▸ Your objective: Although the records contain pictures, the copy should leave them out and match everything else exactly.

▸ Records supplied:

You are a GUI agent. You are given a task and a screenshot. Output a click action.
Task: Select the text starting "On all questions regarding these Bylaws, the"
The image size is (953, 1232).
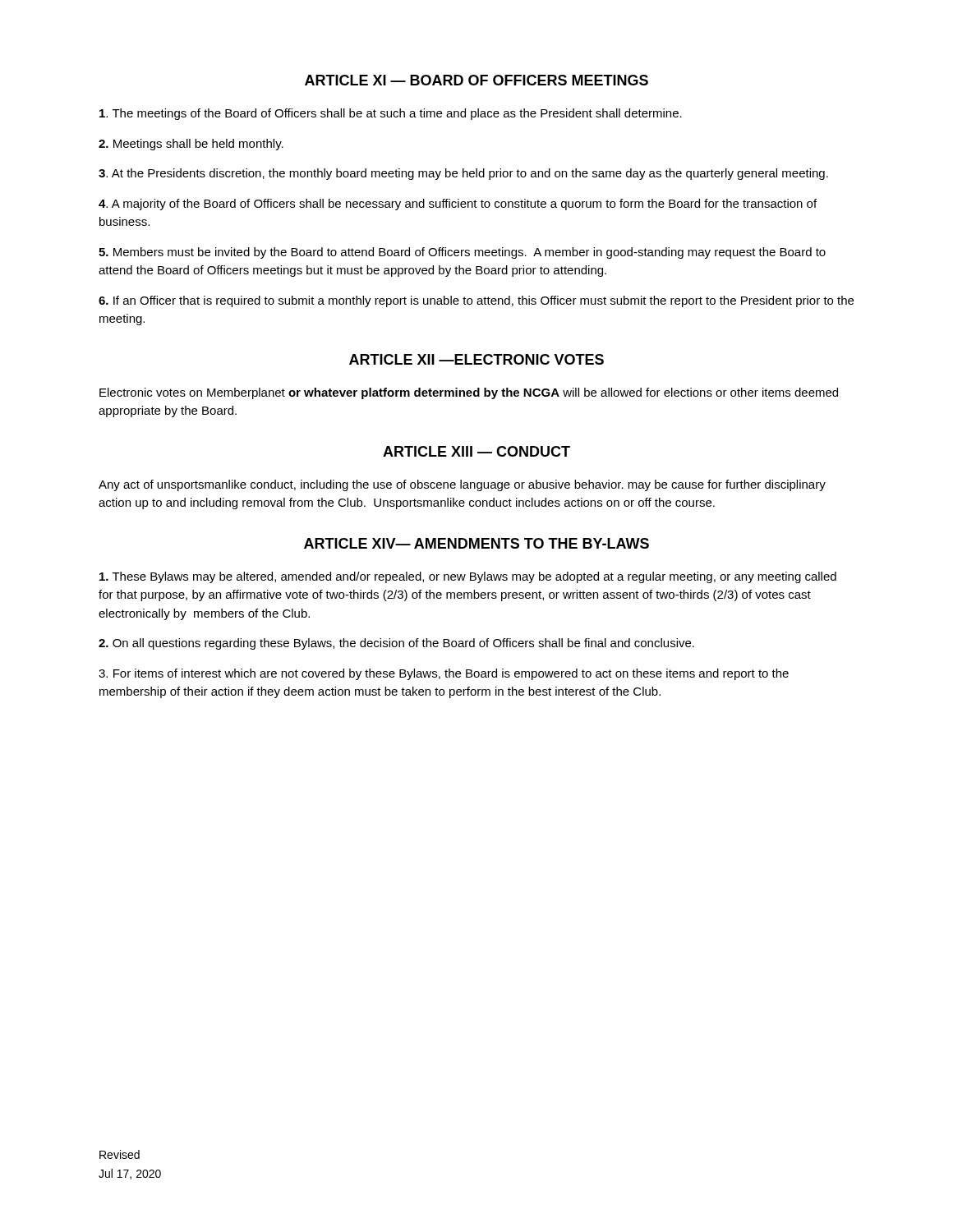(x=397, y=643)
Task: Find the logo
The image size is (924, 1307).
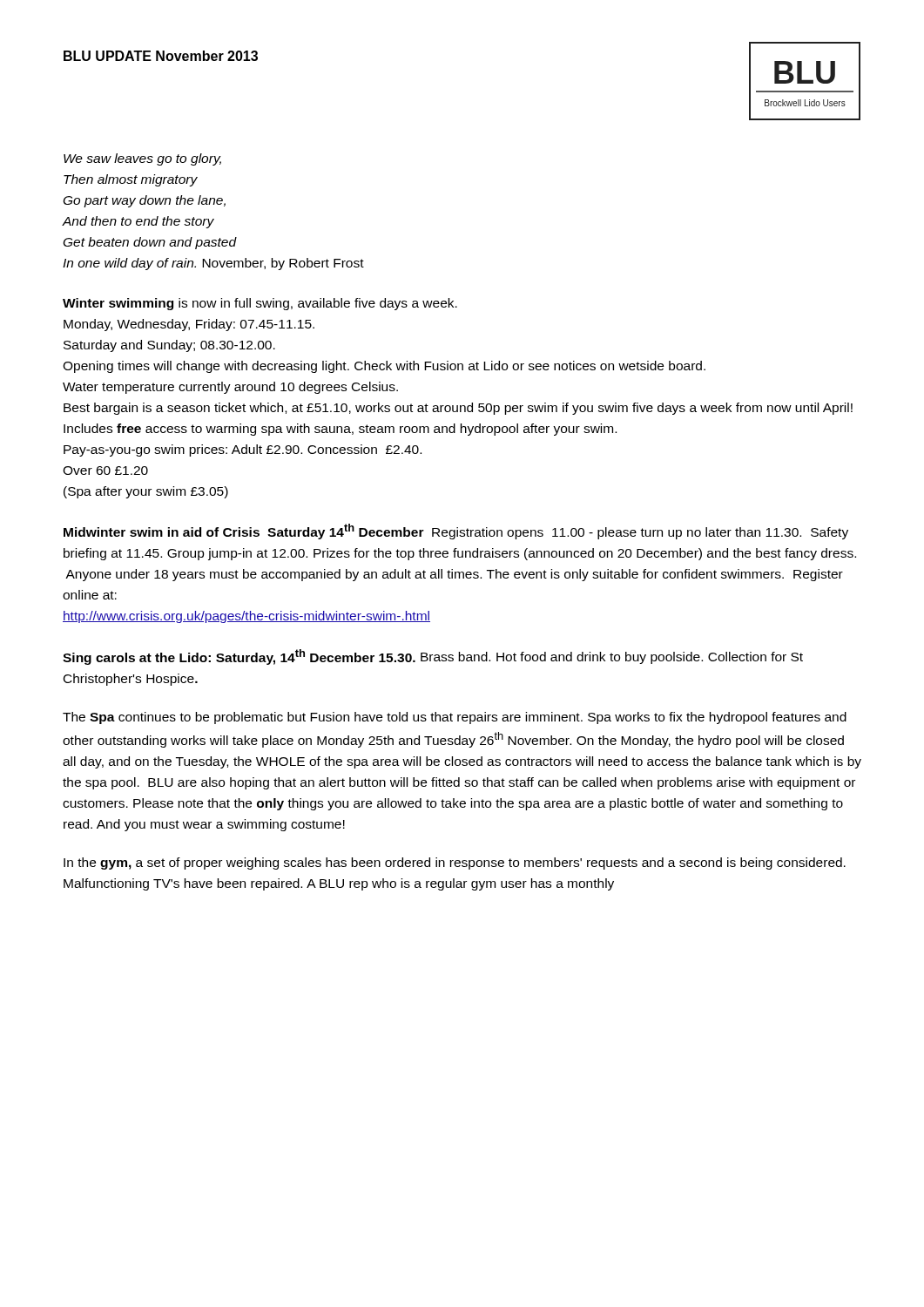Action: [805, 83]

▸ Task output:
You are a GUI agent. You are given a task and a screenshot. Output a click action.
Task: Select the text starting "On all questions regarding these Bylaws, the"
The image size is (953, 1232).
(x=397, y=643)
Task: Find the logo
The image size is (924, 1307).
Action: [805, 83]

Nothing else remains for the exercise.